The unique property of the silver nanoparticles having the antimicrobial activity drags the major attention towards the present nanotechnology. The environmentally nontoxic, ecofriendly, and cost-effective method that has been developed for the synthesis of silver nanoparticles using plant extracts creates the major research interest in the field of nanobiotechnology. The synthesized silver nanoparticles have been characterized by the UV-visible spectroscopy, atomic force microscopy (AFM), and scanning electron microscopy (SEM). Further, the antibacterial activity of silver nanoparticles was evaluated by well diffusion method, and it was found that the biogenic silver nanoparticles have antibacterial activity against Escherichia coli (ATCC 25922), Staphylococcus aureus (ATCC 29213), Pseudomonas aeruginosa (ATCC 27853), Azotobacter chroococcum WR 9, and Bacillus licheniformis (MTCC 9555).

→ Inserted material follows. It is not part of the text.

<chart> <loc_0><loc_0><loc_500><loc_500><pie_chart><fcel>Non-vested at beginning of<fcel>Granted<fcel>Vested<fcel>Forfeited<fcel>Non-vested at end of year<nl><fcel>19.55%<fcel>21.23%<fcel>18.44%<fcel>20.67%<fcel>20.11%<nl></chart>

The broad spectrum of nanotechnology is important in the major fields of biology, chemistry, physics, and material sciences. Nanotechnology deals with the study of materials at the nanometers [1, 2]. The day to day development of nanotechnology creates a major interest in the development and fabrications of different dimensioned nanoparticles . The nanomaterials can be synthesized by different methods including chemical, physical, irradiation, and biological methods. The development of new chemical or physical methods has resulted in environmental contaminations, since the chemical procedures involved in the synthesis of nanomaterials generate a large amount of hazardous byproducts . Thus, there is a need for “green nanotechnology” that includes a clean, safe, ecofriendly, and environmentally nontoxic method of nanoparticle synthesis, and in this method there is no need to use high pressure, energy, temperature, and toxic chemicals [5, 6]. The biological methods include synthesis of nanomaterial’s from the extracts of plant, bacterial, fungal species, and so forth. The synthesis of nanoparticles from the plant extracts is considered to be a process . The preparation and maintenance of fungal and bacterial cultures are time consuming and require aseptic conditions and large manual skills to maintain the cultures .

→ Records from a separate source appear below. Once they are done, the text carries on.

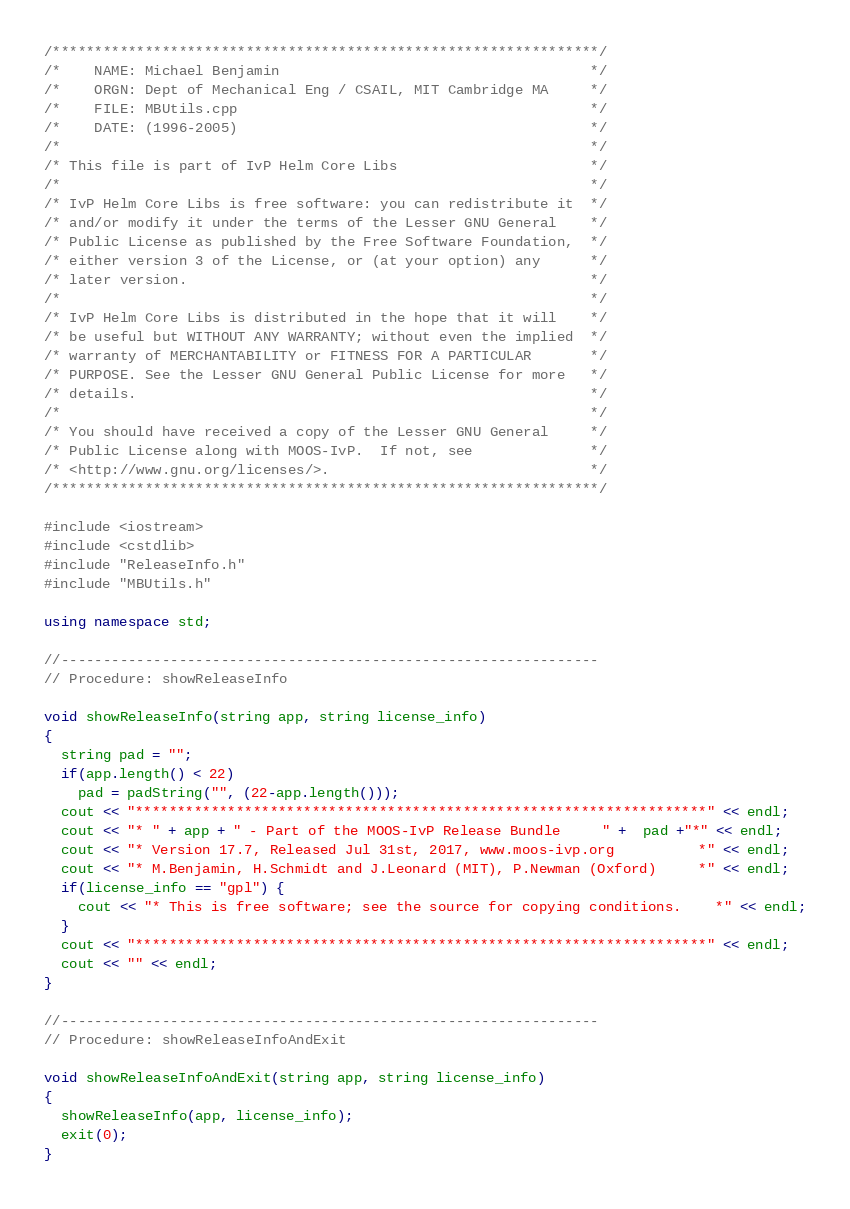<code> <loc_0><loc_0><loc_500><loc_500><_C++_>/*****************************************************************/
/*    NAME: Michael Benjamin                                     */
/*    ORGN: Dept of Mechanical Eng / CSAIL, MIT Cambridge MA     */
/*    FILE: MBUtils.cpp                                          */
/*    DATE: (1996-2005)                                          */
/*                                                               */
/* This file is part of IvP Helm Core Libs                       */
/*                                                               */
/* IvP Helm Core Libs is free software: you can redistribute it  */
/* and/or modify it under the terms of the Lesser GNU General    */
/* Public License as published by the Free Software Foundation,  */
/* either version 3 of the License, or (at your option) any      */
/* later version.                                                */
/*                                                               */
/* IvP Helm Core Libs is distributed in the hope that it will    */
/* be useful but WITHOUT ANY WARRANTY; without even the implied  */
/* warranty of MERCHANTABILITY or FITNESS FOR A PARTICULAR       */
/* PURPOSE. See the Lesser GNU General Public License for more   */
/* details.                                                      */
/*                                                               */
/* You should have received a copy of the Lesser GNU General     */
/* Public License along with MOOS-IvP.  If not, see              */
/* <http://www.gnu.org/licenses/>.                               */
/*****************************************************************/

#include <iostream>
#include <cstdlib>
#include "ReleaseInfo.h"
#include "MBUtils.h"

using namespace std;

//----------------------------------------------------------------
// Procedure: showReleaseInfo

void showReleaseInfo(string app, string license_info)
{
  string pad = "";
  if(app.length() < 22)
    pad = padString("", (22-app.length()));
  cout << "********************************************************************" << endl;
  cout << "* " + app + " - Part of the MOOS-IvP Release Bundle     " +  pad +"*" << endl;
  cout << "* Version 17.7, Released Jul 31st, 2017, www.moos-ivp.org          *" << endl;
  cout << "* M.Benjamin, H.Schmidt and J.Leonard (MIT), P.Newman (Oxford)     *" << endl;
  if(license_info == "gpl") {
    cout << "* This is free software; see the source for copying conditions.    *" << endl;
  }
  cout << "********************************************************************" << endl;
  cout << "" << endl;
}

//----------------------------------------------------------------
// Procedure: showReleaseInfoAndExit

void showReleaseInfoAndExit(string app, string license_info)
{
  showReleaseInfo(app, license_info);
  exit(0);
}






</code>

Plant extracts include bark, root, leaves, fruit, flowers, rhizoids, and latex and are used to synthesize the nanoparticles. These nanoparticles show different dimensions including the size, shape, and dispersion which have more efficacy than those synthesized from the chemical and physical procedures. Therefore, the use of green plants for similar nanoparticle biosynthesis methodologies is an exciting possibility which has compatibility for pharmaceutical and other biomedical applications, as they do not use toxic chemicals for the synthesis of nanoparticles [9, 10].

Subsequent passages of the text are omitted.